- Opening Delimiter -

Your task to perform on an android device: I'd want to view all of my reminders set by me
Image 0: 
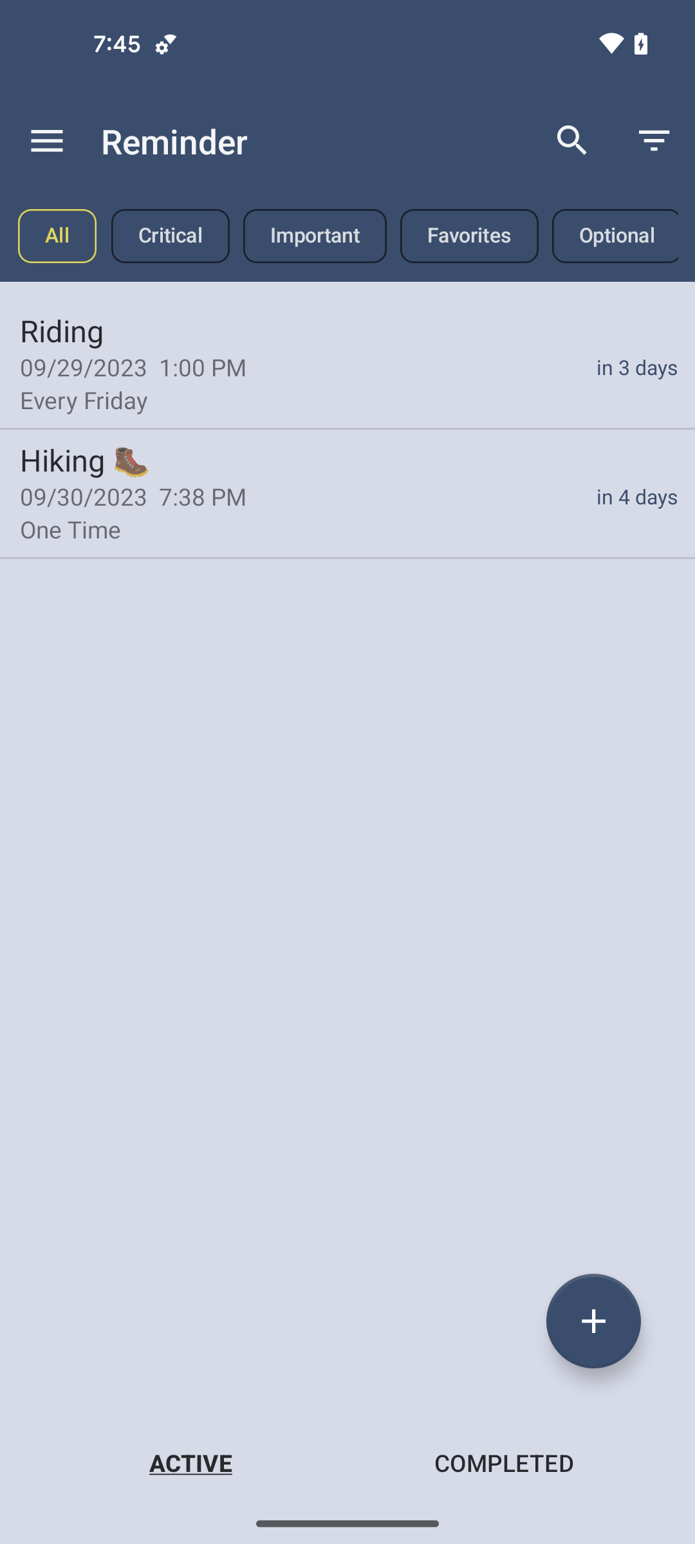
select the all tab at the top left side of the screen
Step 0: click (57, 235)

- Closing Delimiter -

The expected answer is an unaltered copy of the listing, images removed.

__Exercise solution__.
Your task to perform on an android device: I'd want to view all of my reminders set by me
Image 0: 
select the all tab at the top left side of the screen
Step 0: click (57, 235)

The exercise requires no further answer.